Using the records below, output the stretch that opens with the line containing "globe: (-0.518, -0.122, 1.343);" and closes with the line containing "4. sneaker [0,74,142,181]", exactly and including both lines, with nothing more.

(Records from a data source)
------------------------------
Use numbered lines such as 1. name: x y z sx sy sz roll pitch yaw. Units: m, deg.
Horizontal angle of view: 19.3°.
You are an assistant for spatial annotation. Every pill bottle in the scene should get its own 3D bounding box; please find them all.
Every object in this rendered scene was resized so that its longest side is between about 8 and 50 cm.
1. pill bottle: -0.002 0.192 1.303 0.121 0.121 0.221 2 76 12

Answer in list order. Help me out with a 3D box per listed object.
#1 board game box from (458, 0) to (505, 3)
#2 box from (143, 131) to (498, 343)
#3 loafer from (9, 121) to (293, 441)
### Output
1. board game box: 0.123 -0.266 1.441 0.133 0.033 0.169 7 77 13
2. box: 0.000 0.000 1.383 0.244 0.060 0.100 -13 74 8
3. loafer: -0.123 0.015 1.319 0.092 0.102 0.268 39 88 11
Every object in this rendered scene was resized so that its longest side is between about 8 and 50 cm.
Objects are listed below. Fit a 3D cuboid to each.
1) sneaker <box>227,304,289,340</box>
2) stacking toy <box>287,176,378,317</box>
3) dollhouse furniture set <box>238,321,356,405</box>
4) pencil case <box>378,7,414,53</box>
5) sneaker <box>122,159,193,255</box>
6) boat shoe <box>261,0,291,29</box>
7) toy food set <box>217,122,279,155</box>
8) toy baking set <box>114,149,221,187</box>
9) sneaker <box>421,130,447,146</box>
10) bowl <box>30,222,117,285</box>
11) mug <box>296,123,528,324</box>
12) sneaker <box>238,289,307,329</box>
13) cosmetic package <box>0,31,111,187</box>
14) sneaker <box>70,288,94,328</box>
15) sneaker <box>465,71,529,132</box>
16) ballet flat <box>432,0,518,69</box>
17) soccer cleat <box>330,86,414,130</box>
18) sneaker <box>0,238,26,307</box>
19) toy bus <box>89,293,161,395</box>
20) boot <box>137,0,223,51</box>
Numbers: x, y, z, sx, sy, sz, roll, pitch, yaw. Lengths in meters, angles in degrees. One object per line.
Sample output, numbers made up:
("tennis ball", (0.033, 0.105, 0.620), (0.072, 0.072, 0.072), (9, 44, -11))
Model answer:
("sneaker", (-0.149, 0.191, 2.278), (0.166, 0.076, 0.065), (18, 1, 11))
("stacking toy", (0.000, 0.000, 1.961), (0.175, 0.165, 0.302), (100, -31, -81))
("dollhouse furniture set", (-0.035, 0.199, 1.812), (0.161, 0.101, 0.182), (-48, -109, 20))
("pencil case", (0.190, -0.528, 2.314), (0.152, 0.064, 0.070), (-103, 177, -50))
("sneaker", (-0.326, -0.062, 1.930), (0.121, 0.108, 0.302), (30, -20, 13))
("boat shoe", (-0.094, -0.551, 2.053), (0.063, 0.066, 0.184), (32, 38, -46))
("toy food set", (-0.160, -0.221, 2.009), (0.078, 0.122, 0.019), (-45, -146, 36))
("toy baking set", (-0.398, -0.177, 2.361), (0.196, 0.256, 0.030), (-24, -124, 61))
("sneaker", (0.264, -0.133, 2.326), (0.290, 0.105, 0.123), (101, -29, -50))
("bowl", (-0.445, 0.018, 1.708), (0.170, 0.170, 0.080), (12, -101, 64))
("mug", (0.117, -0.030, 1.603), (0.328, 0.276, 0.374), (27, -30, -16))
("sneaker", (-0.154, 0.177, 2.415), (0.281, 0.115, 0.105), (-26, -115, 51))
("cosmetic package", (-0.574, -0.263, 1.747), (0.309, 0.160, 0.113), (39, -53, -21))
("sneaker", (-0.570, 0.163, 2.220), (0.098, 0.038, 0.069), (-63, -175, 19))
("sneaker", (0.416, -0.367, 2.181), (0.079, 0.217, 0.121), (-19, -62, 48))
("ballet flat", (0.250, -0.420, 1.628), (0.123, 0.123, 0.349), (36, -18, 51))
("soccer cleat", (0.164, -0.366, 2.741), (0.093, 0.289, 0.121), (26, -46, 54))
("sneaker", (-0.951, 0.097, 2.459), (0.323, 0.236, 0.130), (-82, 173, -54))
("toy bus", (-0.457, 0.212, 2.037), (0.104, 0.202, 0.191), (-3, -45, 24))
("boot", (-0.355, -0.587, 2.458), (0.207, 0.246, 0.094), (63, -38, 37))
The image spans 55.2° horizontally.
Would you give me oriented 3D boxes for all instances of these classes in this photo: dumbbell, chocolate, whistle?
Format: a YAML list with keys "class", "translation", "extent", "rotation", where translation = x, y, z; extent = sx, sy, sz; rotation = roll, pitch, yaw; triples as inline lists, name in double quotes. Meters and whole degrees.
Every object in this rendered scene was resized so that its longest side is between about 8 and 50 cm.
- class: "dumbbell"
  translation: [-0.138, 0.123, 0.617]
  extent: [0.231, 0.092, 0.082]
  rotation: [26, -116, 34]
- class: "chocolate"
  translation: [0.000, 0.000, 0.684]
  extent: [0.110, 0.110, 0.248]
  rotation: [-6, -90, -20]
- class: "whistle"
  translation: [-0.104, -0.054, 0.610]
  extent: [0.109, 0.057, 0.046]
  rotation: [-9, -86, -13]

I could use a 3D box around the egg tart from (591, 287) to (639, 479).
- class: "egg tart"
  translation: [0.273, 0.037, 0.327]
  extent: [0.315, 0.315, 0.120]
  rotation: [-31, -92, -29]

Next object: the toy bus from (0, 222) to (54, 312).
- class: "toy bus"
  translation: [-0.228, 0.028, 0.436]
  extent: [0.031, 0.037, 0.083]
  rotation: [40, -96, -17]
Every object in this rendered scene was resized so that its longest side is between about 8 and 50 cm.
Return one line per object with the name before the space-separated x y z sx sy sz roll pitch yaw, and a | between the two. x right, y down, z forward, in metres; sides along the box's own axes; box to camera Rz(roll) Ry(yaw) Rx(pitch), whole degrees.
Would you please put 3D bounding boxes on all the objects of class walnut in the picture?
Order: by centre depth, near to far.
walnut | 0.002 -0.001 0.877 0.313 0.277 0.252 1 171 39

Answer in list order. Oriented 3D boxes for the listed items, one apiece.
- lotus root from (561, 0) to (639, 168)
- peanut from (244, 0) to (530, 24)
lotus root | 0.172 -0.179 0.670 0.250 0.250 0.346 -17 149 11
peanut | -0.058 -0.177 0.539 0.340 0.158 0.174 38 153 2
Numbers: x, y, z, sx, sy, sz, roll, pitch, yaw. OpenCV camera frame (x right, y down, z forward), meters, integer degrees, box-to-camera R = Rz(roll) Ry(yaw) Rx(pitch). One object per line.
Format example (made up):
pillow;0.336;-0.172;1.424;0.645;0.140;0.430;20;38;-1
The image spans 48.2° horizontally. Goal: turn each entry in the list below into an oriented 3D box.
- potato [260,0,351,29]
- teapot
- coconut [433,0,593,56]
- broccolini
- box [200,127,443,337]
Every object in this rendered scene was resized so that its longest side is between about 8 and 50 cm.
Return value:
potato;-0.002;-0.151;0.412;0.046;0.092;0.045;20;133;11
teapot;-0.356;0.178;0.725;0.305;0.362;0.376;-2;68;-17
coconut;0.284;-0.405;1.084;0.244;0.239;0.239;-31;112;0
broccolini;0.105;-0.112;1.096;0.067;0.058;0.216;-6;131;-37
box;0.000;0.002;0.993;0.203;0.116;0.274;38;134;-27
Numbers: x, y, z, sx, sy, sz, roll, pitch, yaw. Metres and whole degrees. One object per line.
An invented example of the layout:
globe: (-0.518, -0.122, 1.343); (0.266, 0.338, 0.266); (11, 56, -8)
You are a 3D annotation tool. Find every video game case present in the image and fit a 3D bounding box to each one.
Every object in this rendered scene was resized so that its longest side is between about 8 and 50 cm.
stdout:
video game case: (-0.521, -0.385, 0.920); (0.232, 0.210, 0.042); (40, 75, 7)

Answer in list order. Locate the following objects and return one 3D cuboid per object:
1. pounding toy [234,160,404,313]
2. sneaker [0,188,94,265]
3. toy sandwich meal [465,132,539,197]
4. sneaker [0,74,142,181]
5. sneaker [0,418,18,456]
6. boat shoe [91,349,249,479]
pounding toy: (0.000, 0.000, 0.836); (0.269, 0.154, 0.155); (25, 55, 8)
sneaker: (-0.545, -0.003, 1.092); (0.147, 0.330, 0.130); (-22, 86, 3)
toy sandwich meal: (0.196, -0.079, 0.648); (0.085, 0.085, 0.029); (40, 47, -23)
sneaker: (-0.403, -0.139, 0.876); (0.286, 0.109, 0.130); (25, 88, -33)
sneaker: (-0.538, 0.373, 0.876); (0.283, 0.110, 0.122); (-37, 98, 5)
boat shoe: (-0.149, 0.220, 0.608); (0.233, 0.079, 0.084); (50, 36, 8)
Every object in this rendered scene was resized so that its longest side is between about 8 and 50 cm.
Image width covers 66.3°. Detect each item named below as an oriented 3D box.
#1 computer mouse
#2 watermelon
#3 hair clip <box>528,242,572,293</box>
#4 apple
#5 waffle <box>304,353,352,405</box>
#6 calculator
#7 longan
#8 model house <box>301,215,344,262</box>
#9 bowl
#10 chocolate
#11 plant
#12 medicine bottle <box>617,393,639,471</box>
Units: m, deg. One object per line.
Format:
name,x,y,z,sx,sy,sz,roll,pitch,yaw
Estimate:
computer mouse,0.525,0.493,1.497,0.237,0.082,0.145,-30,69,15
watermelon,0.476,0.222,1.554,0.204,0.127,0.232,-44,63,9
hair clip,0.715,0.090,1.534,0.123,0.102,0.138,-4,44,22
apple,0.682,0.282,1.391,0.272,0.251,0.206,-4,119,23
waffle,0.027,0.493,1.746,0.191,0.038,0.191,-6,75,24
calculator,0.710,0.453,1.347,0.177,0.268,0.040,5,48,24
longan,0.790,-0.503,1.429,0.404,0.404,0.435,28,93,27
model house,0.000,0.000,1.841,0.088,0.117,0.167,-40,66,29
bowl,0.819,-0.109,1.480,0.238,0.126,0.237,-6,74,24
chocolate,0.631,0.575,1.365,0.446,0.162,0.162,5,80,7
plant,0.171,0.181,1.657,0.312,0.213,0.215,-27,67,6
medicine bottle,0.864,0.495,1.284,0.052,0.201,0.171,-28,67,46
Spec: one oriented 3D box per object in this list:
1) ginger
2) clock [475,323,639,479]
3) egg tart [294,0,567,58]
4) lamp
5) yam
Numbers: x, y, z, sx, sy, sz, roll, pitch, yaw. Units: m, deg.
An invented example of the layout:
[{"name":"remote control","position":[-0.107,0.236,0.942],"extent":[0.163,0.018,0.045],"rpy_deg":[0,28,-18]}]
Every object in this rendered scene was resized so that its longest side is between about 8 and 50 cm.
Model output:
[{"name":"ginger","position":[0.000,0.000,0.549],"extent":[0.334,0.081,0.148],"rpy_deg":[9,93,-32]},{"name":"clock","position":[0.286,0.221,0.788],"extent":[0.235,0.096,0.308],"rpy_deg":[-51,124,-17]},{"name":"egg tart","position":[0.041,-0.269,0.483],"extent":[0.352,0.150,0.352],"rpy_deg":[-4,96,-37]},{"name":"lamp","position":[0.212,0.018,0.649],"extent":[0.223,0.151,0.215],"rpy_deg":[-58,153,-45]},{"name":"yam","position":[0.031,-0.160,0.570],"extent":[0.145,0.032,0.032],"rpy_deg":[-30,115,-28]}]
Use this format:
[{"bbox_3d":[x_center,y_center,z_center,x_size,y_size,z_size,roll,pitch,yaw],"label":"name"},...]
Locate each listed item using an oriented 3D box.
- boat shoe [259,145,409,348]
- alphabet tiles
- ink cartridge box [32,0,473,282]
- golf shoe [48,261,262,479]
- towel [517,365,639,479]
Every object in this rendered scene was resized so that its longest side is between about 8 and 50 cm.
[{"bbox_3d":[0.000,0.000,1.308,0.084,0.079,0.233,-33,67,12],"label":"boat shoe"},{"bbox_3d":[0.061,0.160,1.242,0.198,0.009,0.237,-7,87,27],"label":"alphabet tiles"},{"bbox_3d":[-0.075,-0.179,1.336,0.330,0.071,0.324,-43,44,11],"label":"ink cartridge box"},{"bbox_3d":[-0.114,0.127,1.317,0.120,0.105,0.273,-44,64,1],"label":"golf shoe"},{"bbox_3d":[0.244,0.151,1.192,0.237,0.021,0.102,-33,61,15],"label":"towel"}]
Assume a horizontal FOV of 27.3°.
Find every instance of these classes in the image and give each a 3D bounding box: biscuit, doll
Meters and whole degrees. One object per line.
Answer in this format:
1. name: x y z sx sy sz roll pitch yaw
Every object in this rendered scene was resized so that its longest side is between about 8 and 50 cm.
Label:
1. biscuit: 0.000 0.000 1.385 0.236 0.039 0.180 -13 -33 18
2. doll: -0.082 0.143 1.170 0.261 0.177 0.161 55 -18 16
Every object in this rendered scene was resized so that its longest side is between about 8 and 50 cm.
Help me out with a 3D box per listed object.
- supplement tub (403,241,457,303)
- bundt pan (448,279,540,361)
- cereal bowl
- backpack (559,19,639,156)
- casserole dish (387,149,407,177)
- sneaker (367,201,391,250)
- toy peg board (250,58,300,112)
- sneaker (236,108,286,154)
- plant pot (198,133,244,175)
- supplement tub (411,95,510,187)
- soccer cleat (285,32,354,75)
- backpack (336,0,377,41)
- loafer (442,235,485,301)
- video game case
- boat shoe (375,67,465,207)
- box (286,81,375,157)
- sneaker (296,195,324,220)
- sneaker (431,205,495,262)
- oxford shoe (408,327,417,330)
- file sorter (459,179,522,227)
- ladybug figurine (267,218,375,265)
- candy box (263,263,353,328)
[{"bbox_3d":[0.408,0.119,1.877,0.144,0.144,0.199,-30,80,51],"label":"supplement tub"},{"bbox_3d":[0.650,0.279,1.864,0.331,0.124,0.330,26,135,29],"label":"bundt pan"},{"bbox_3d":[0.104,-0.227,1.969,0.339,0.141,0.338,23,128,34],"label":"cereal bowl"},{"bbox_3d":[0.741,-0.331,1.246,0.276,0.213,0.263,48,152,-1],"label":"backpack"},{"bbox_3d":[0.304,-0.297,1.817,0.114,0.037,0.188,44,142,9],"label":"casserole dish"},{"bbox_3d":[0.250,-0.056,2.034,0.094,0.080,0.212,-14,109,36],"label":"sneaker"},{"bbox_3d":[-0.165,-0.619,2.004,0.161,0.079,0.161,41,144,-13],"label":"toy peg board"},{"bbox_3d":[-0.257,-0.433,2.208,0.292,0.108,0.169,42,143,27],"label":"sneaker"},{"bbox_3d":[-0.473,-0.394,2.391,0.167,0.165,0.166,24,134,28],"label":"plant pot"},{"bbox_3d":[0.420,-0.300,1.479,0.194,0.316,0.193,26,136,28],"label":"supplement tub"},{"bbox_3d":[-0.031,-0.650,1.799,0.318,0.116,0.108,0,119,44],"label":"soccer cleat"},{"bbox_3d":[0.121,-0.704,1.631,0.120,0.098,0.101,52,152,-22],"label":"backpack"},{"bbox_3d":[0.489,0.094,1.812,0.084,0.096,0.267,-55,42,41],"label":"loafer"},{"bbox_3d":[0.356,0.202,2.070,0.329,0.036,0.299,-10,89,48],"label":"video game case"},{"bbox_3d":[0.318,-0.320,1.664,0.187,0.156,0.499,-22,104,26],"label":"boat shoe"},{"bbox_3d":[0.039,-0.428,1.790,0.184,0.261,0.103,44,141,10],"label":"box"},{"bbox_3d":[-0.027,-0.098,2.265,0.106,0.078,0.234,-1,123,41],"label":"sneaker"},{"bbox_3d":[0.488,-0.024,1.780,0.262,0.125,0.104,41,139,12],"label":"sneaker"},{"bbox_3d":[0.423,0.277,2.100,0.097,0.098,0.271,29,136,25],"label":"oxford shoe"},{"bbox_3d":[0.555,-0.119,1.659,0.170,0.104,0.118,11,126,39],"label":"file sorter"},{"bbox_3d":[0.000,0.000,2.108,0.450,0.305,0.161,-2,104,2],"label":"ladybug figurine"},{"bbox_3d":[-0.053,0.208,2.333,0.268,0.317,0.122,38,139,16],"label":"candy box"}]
------------------------------
» REPLY TO THE TASK
globe: (-0.518, -0.122, 1.343); (0.266, 0.338, 0.266); (11, 56, -8)
You are a 3D annotation tool. Find every video game case present in the image and fit a 3D bounding box to each one.
Every object in this rendered scene was resized so that its longest side is between about 8 and 50 cm.
stdout:
video game case: (-0.521, -0.385, 0.920); (0.232, 0.210, 0.042); (40, 75, 7)

Answer in list order. Locate the following objects and return one 3D cuboid per object:
1. pounding toy [234,160,404,313]
2. sneaker [0,188,94,265]
3. toy sandwich meal [465,132,539,197]
4. sneaker [0,74,142,181]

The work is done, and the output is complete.